The Burmans said Gaekwad's plan is invalid and fraught with "inconsistencies and absurdities". The company's failure to scrutinize Gaekwad's credentials and his letters, "reeks of connivance, deceit and gross recklessness", which interferes with the ongoing tendering period, the letter added. Mint has seen a copy of the letter.
Meanwhile, Saluja on Wednesday filed an urgent petition in the Delhi High Court to stop a 7 February shareholder vote on her continuance as executive chairperson, less than 12 hours after Sebi declined to accommodate Gaekwad’s proposal. In her petition, Saluja sought permission to remain as chairperson until 25 February, 2028, and asked the court to restrain the Religare board from taking up any such agenda. The petition said the original resolution appointing her as executive chairperson did not specify that she has to "retire by rotation," and hence, the resolution on her reappointment as director is illegal, and should be declared null and void.
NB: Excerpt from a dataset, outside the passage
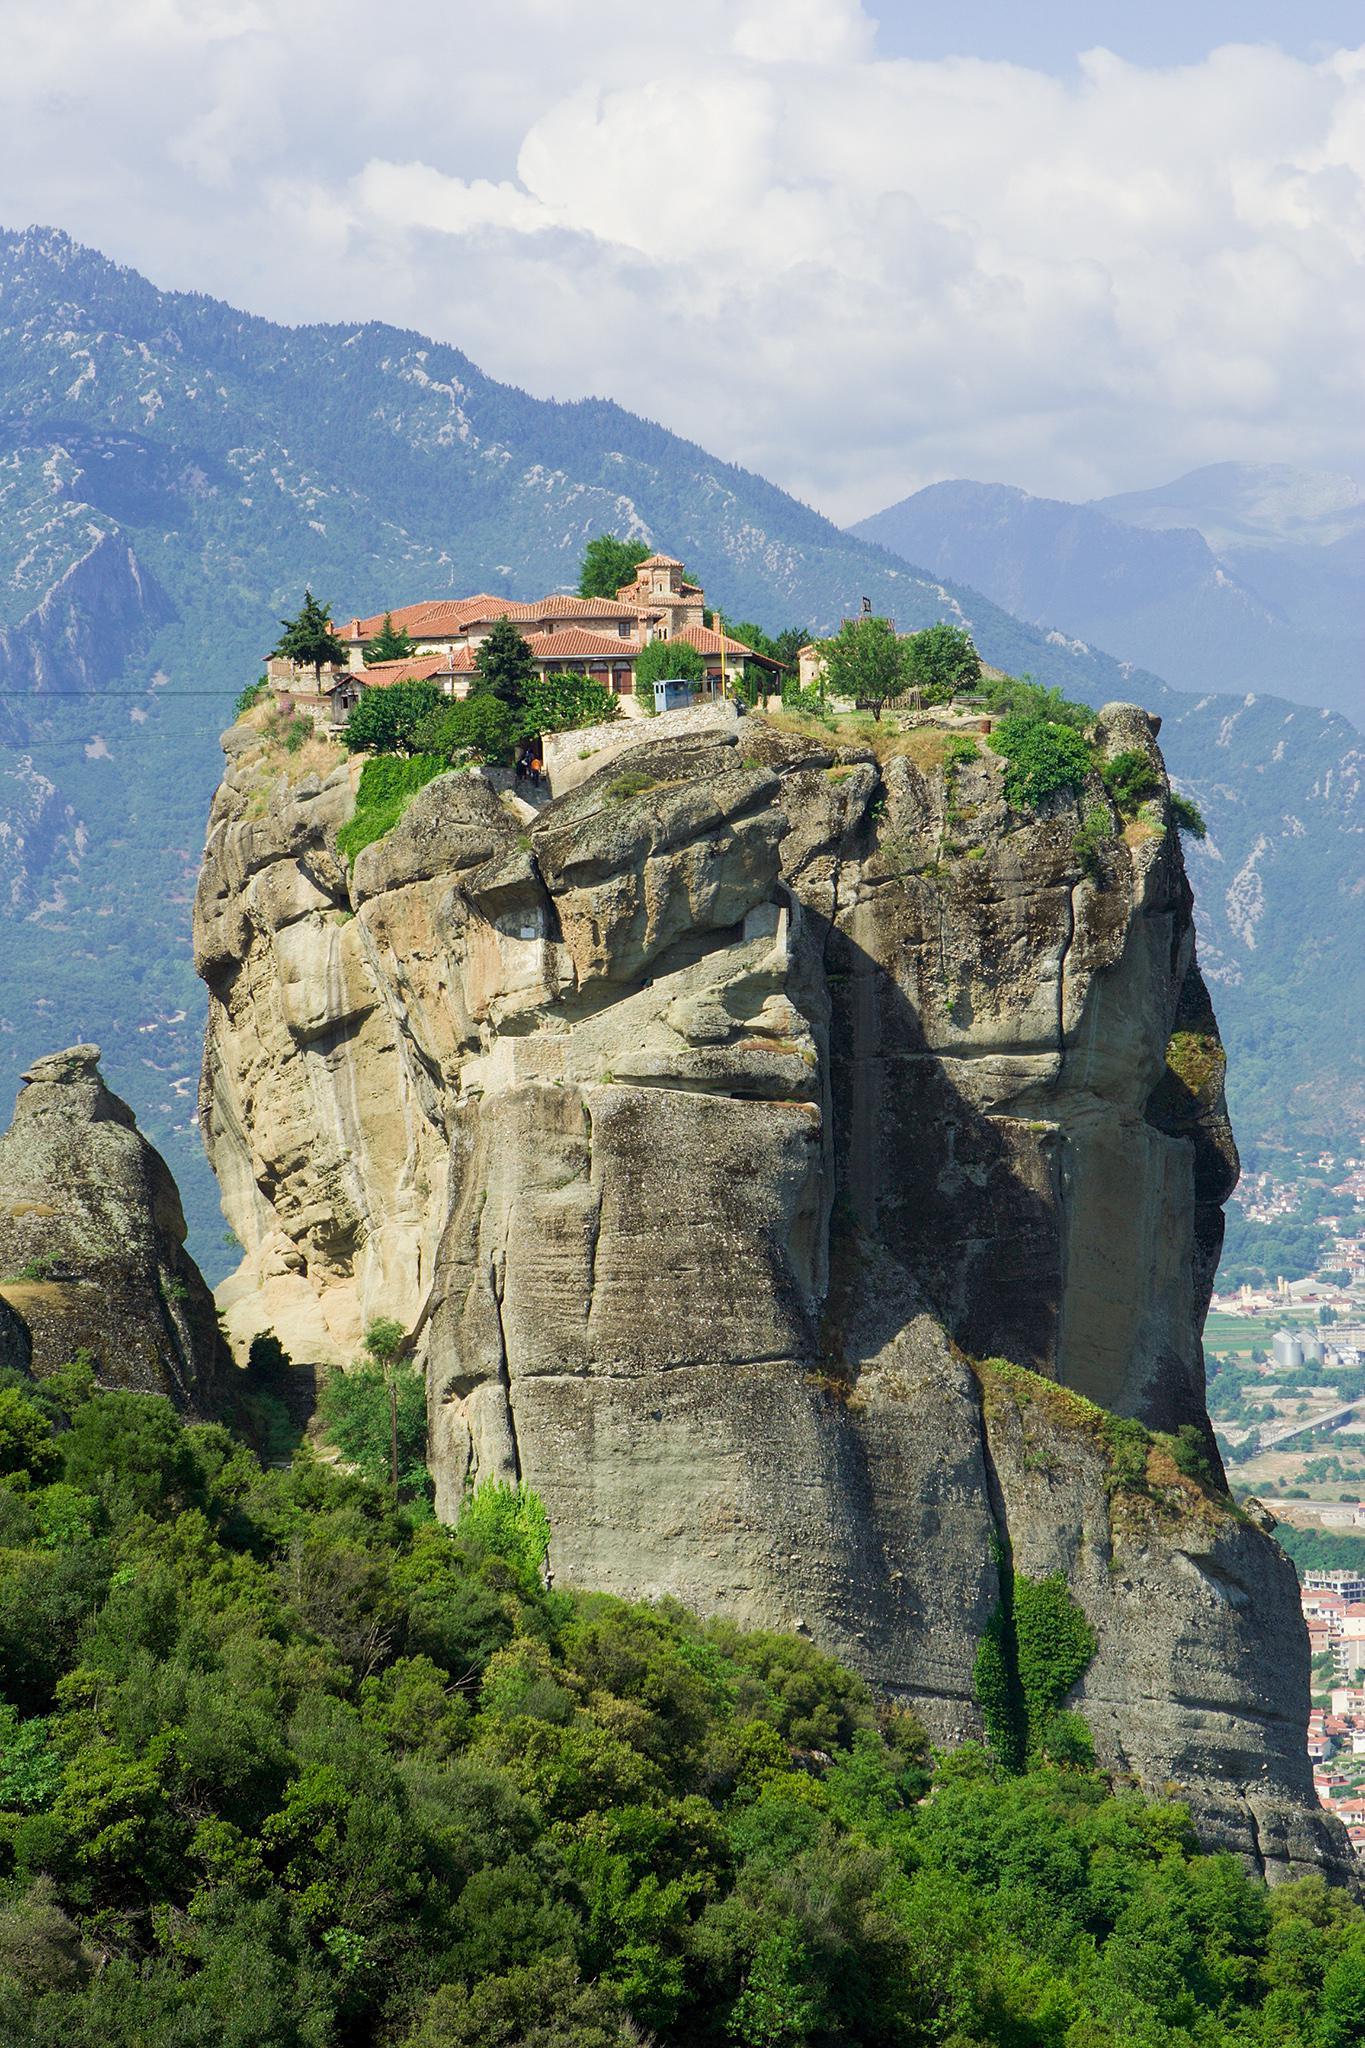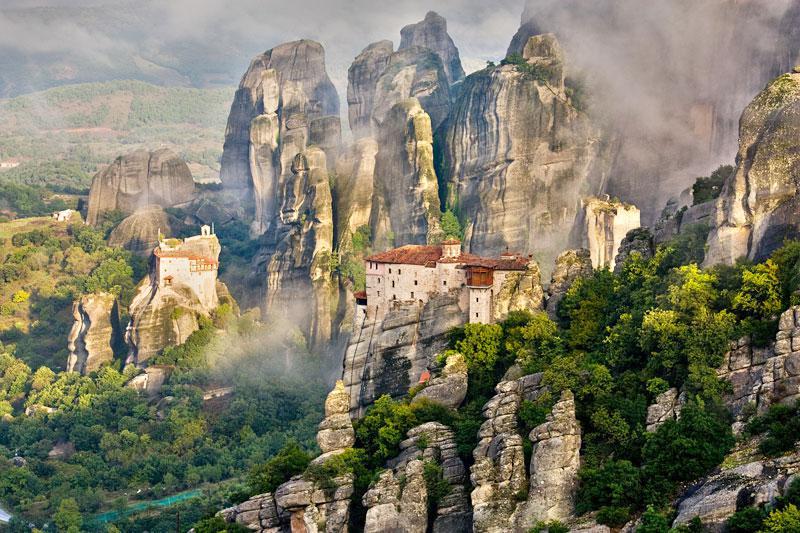The first image is the image on the left, the second image is the image on the right. Examine the images to the left and right. Is the description "There is visible fog in one of the images." accurate? Answer yes or no. Yes. The first image is the image on the left, the second image is the image on the right. Evaluate the accuracy of this statement regarding the images: "One image has misty clouds in between mountains.". Is it true? Answer yes or no. Yes.

Also read | Danny Gaekwad’s open offer for Religare unlikely to pass muster with Sebi
While hearing Saluja's counsel Mukul Rohatgi, the judge questioned whether such a case can be even heard in the High Court, bypassing specialized forums such as the National Company Law Tribunal (NCLT). Rohatgi argued that under the Companies Act, no other civil court was authorised to address Saluja’s grievances, prompting her to seek immediate relief from the High Court.
While the independent directors’ counsel Nalin Kohli contended that the suit was 'almost collusive' in nature and pointed to ongoing investigations concerning Saluja, the Burman family’s counsel Abhishek Manu Singhvi and Mahesh Jethmalani sought to intervene in the hearing, arguing any board decision would impact them. The court will hear the matter again on 4 February, 2025.
Bankok investor's move
On 29 January, Mint reported that a Bangkok-based investor has sought the Delhi High Court’s intervention to halt the Burman family’s open offer.
Criticizing Gupta’s actions, Tripathi wrote that Gupta should have awaited Sebi’s response to Gaekwad’s letters before releasing them on the bourses. “The least we can now do to save ourselves from the charge of being unfair to the acquirers is to forward the letter from Abhay Agarwal on behalf of the acquirers (Burmans), to the stock exchanges with the same speed as was done in forwarding the purported letters received from Danny."
To be sure, this is not the first time independent directors have expressed discontent. On 13 January, Mint reported that these directors have taken a favourable view of the Burmans' open offer. This came after Religare's group compliance head Goda Mallikarjun quit, stating that there had been an “inexplicable change in the stance of some of the independent directors" regarding regulatory correspondence.
Also read | Who is Danny Gaekwad—the US tycoon taking on Burmans’ open offer for Religare?
Still, the change in stance is recent. In 2023, the Religare board had rejected the Burman family’s open offer, terming it too low and accusing the Burmans as not “fit and proper" to run a financial services firm. In an interview with The Economic Times in November 2023, independent director Ahmed had termed the timing of Burmans' offer fishy and that the merits of the offer were “not very good".